ProfileI am a researcher working at the intersection of sociology and political sciences. In my publications, I explore dynamics of collective memory, remembrance, alternative identities and narrative shaping. What I investigate is how diversity is conceptualised and understood in different contexts, across multiple cognitive environments, and how its management is linked with notions of power and space. I am an ethnographer specialized in Grounded Theory and capability approach, which I adopt to look at how diversity and development intersect with political dynamics.

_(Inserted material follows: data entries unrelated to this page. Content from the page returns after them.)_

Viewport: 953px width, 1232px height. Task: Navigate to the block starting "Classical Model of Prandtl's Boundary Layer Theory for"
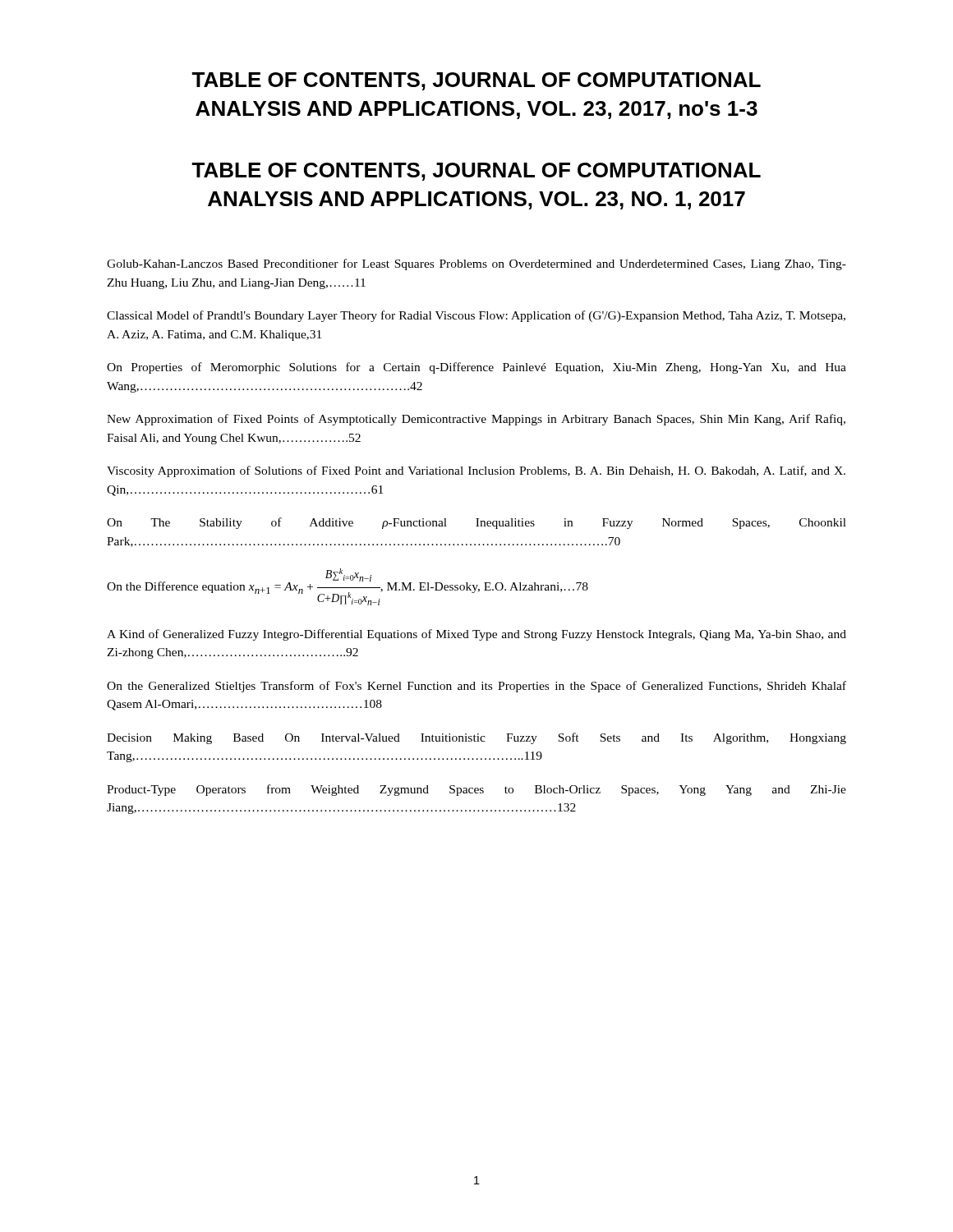coord(476,324)
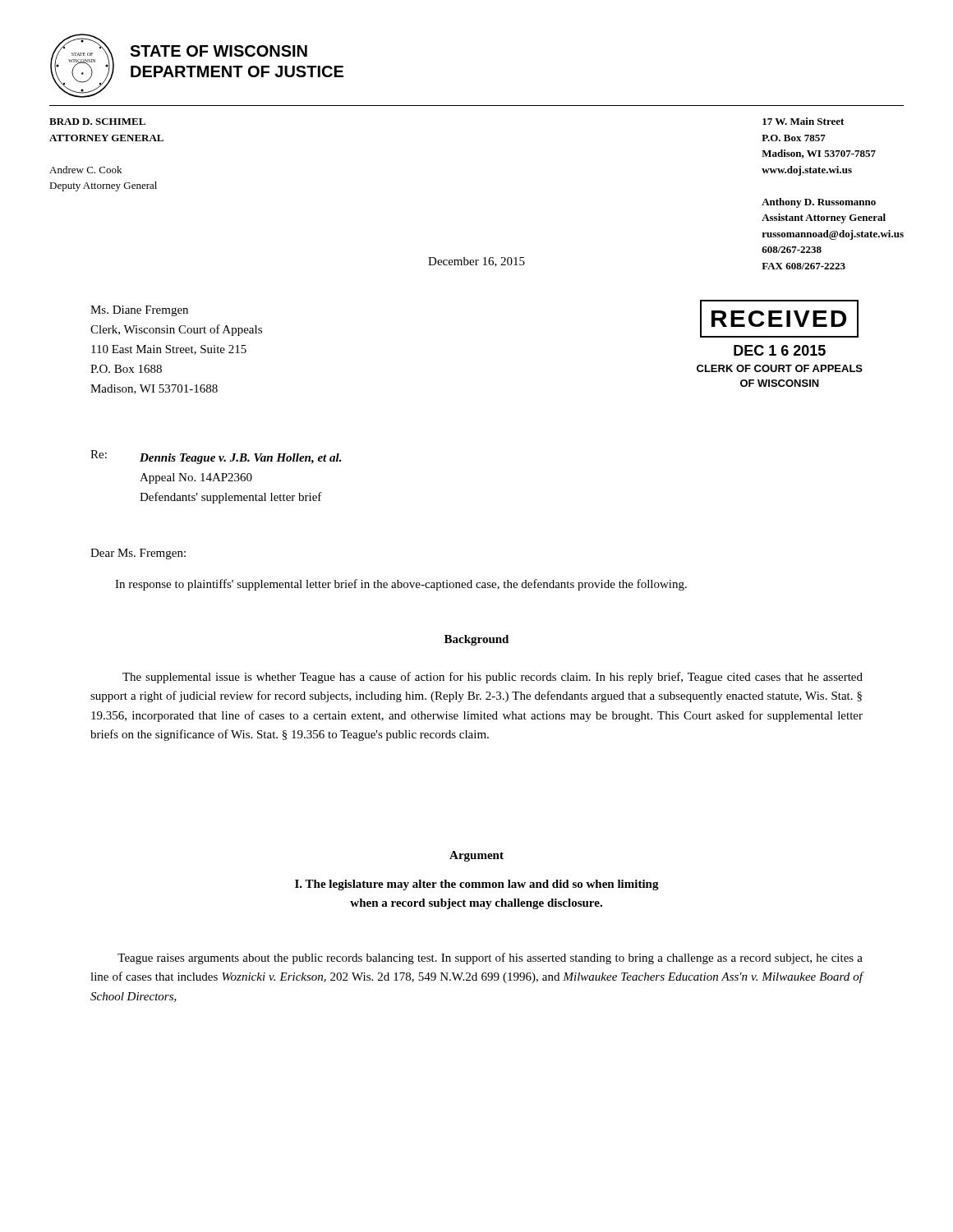The height and width of the screenshot is (1232, 953).
Task: Select the element starting "Ms. Diane Fremgen Clerk, Wisconsin Court of Appeals"
Action: pyautogui.click(x=176, y=349)
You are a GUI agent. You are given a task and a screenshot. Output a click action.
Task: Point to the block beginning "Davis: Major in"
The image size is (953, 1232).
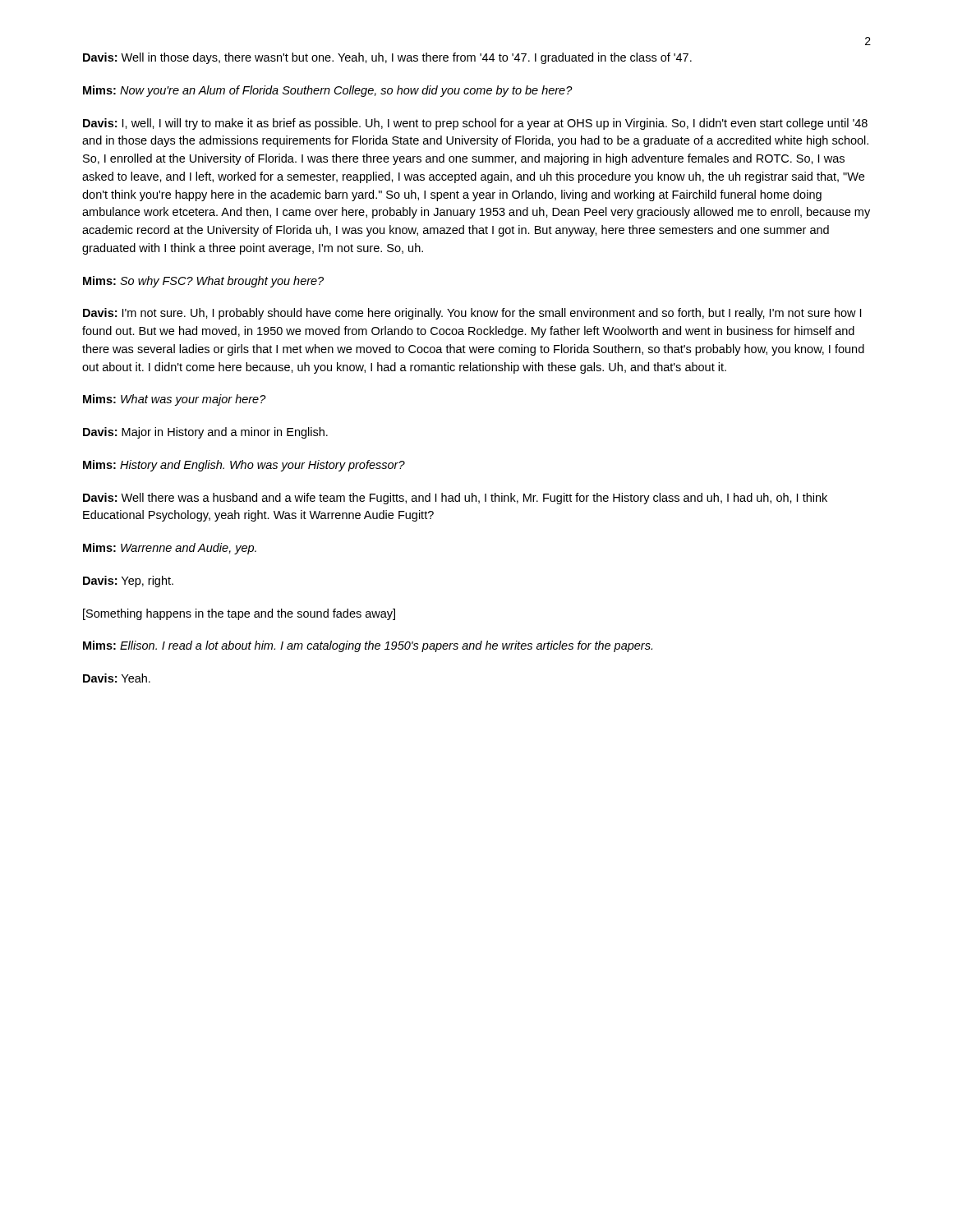[x=205, y=433]

My expertise revolves around Chinese society and politics and the issues of diversity and ‘otherness’, focusing on Islamic communities and especially Xinjiang Uyghur Autonomous Region. I mainly explore policies and actions put in place by national and local governments to dilute identities of integrate religious and cultural minorities.
China’s attitude to diversity and ‘otherness’ is reflected in its foreign policy and projection to other contexts through the Belt and Road Initiative and other schemes. I explore how domestic targets and narratives are translated into foreign policy actions and discourses, with an effort to conceptualize the dimensions and criteria in projecting a country’s image abroad.
I welcome students who would like to engage in Ph.D. research in any of the following areas: Chinese society with a focus on identity and marginality; China's cultural diplomacy and Belt and Road Initiative; China's periphery; policy processes in socio-economic development; Islam in China.